I was already disgusted when I attended the first hearing concerning the  commercial liens and saw the attorneys for Dentons and Loeb & Loeb LLP now arguing on the same side of the table and defending each other before the nearly decrepit, 90 year old, Republican appointed [Ronald Reagan] federal judge. Since Leonard Rowe is still going to go through with filing the liens, they are now shaking in their boots because  their time to respond to his Affidavits is up and he has given them notice that he will be filing the liens. They have good reason to be nervous because each individual involved in this sinister and heinous conspiracy against the human rights of Leonard Rowe and essentially all people of African descent are getting hit with a $100,000,000.00 lien and each company is getting hit with a $500,000,000.00 lien!! So when they submitted their most recent motion papers to have Judge Patterson hold Rowe in contempt of court for violating his permanent restraining order, their motions essentially read the same, although they were submitted a day later. Smh. Karma is a bitch. One of the ways to have the lien taken off is to have a jury trial! Let’s have a jury weigh the facts/evidence and determine who is telling the truth!!!

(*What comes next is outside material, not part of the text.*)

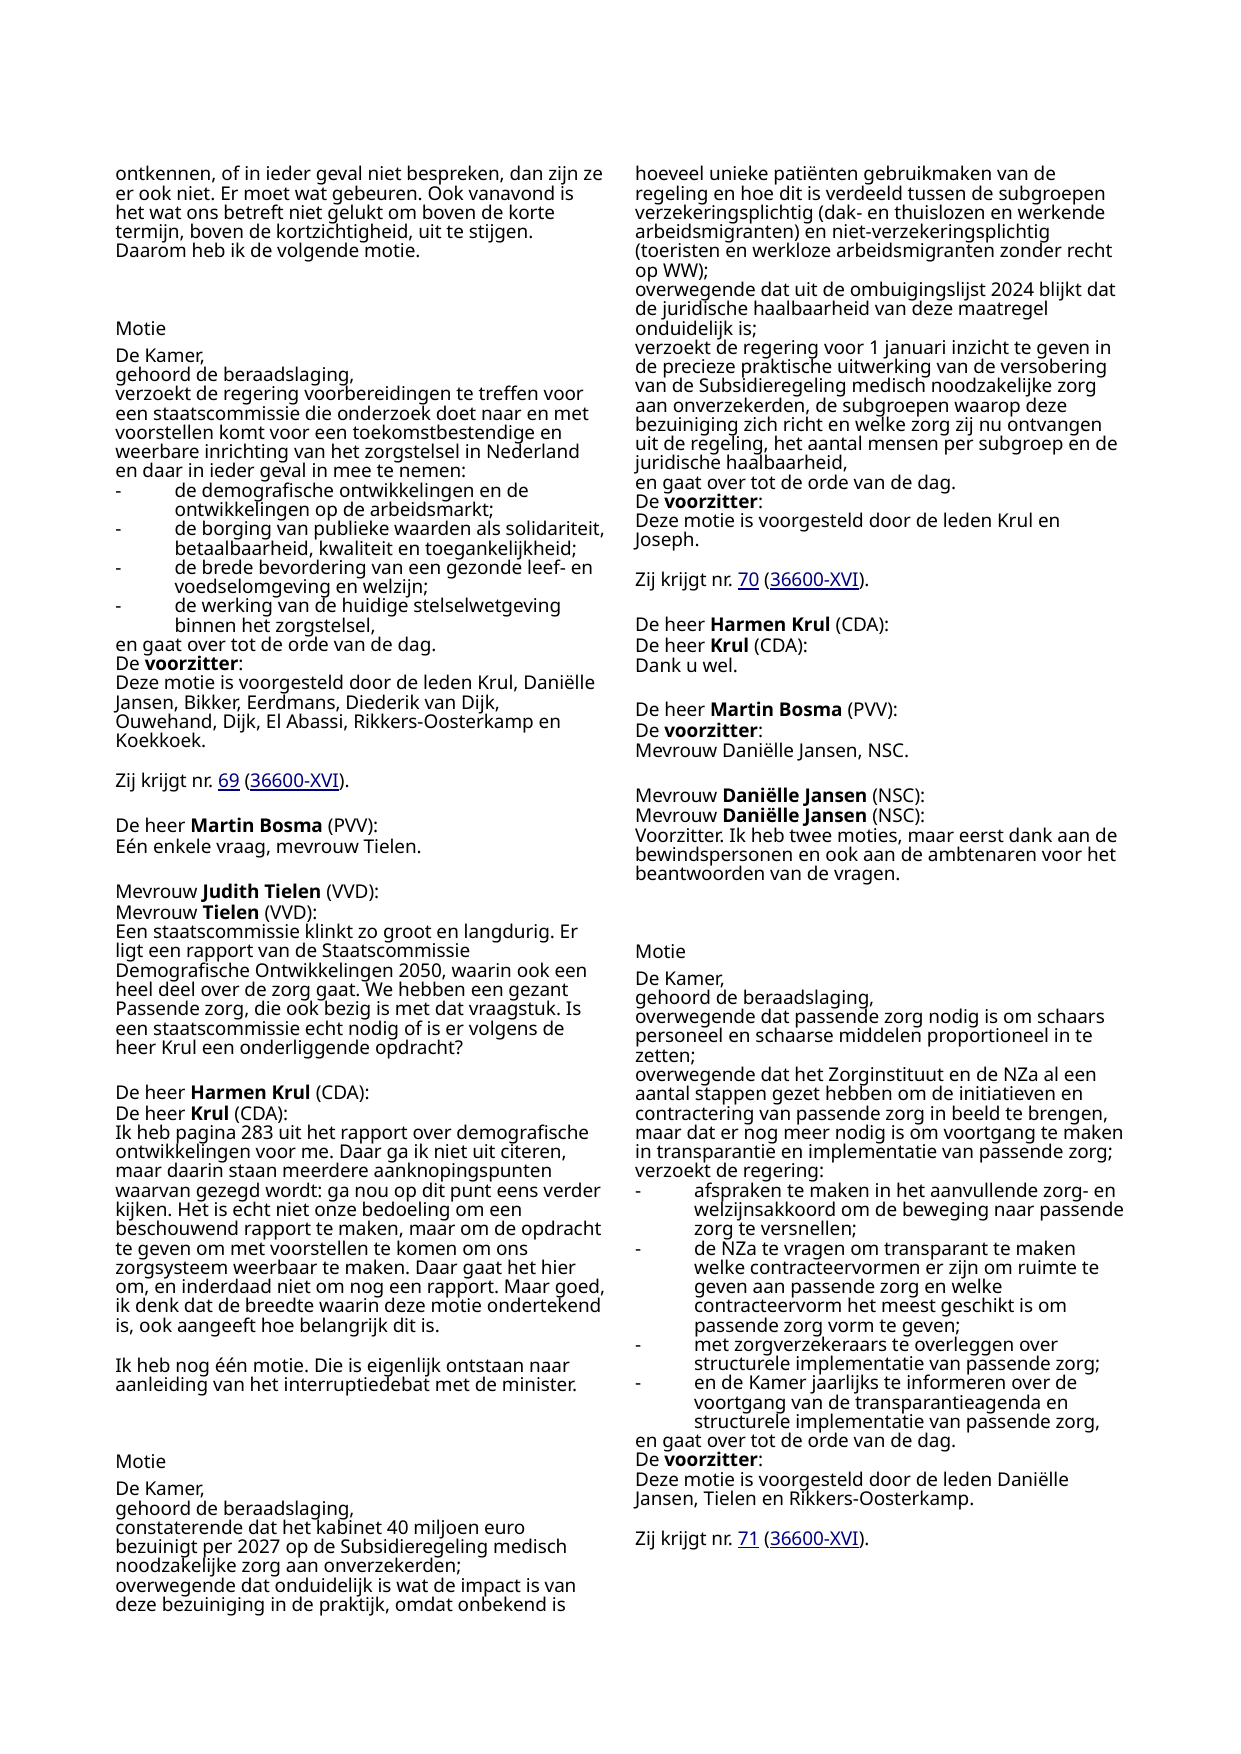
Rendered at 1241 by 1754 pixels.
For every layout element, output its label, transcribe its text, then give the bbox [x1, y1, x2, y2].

Also, here’s a link to a recent article on a man that I have grown to despise after learning about his “conservative agenda” and the the measures he took to help eviscerate the human rights African Americans during the 1980s — former President of the United States of America Ronald “RaceBaiting Racist” Reagan: http://www.salon.com/2014/01/11/the_racism_at_the_heart_of_the_reagan_presidency/.

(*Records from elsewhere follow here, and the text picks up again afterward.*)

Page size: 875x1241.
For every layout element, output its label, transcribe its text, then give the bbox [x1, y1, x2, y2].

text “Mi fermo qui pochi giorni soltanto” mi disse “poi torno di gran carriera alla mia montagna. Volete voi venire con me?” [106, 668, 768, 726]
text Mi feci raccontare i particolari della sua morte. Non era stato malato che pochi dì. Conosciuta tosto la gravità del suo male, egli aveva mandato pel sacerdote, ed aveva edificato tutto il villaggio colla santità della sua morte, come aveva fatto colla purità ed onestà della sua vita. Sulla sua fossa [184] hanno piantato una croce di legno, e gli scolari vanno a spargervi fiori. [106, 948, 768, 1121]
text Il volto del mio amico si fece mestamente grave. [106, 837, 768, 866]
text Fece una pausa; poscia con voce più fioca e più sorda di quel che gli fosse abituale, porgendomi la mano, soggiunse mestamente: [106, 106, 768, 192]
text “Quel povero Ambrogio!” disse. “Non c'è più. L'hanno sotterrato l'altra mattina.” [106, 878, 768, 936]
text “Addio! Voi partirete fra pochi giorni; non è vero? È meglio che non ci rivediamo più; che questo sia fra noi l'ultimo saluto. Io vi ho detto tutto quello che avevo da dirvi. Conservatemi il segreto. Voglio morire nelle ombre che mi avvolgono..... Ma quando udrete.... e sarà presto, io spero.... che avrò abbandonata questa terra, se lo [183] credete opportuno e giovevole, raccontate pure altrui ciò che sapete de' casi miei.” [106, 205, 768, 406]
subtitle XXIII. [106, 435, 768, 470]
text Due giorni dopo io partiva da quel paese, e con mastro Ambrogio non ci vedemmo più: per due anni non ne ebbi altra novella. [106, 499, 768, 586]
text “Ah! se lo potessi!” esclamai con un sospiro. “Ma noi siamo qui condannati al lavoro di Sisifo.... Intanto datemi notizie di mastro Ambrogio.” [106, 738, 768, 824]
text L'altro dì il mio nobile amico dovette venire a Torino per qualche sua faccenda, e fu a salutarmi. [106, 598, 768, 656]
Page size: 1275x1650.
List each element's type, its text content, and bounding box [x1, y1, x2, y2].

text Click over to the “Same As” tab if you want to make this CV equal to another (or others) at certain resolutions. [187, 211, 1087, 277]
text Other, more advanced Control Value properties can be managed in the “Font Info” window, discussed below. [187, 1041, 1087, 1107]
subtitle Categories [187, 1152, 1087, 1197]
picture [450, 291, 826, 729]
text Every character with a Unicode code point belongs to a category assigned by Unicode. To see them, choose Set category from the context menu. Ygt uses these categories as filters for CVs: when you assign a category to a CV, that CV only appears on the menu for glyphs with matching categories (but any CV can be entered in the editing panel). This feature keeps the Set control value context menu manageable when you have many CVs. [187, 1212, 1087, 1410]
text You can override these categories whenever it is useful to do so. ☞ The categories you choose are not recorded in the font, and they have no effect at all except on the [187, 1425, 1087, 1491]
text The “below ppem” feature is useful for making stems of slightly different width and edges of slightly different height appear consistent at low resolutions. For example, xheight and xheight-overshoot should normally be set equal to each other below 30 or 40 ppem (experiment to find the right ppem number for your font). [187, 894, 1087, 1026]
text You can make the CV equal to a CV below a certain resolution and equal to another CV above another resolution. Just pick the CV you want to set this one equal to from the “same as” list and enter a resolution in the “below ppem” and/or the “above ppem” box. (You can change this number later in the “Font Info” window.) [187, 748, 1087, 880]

“We the people are the rightful masters of both Congress and the courts, not to overthrow the Constitution, but to overthrow the men who pervert the Constitution.” — Abraham Lincoln

“[I]t is the duty of courts to make sure that the Human Rights Law works and that the intent of the Legislature is not thwarted by a combination of strict construction of the statute and a battle with semantics.”

Source:  City of Schenectady v. State Div. on Human Rights, 335 N.E.2d 290, 295 (N.Y. 1975)

only in AmeriKKKa! two attorneys want $37,477.50 for lying under oath and further implicating themselves in a corrupt conspiracy to interfere with civil and human rights of African Americans (“white supremacy”)!

Today, Martin R. Gold and Raymond Heslin — the two principal attorneys from SNR Denton involved with handling electronic discovery of the William Morris Agency and Creative Artists Agency’s e-mails in or around August 2002 for Leonard Rowe and the class of black concert promoters — filed Declarations in support of sanctioning Leonard Rowe after the dishonorable Judge Patterson denied his FRCP 60 Motion on November 8, 2012.

Martin Gold wants $22,477.50 for his troubles and wants an “entry of an order prohibiting Mr. Rowe from commencing any judicial or quasi-judicial proceedings against any of the SNR Denton Attorneys, or their law firms, partners or employees, without prior leave of this Court.”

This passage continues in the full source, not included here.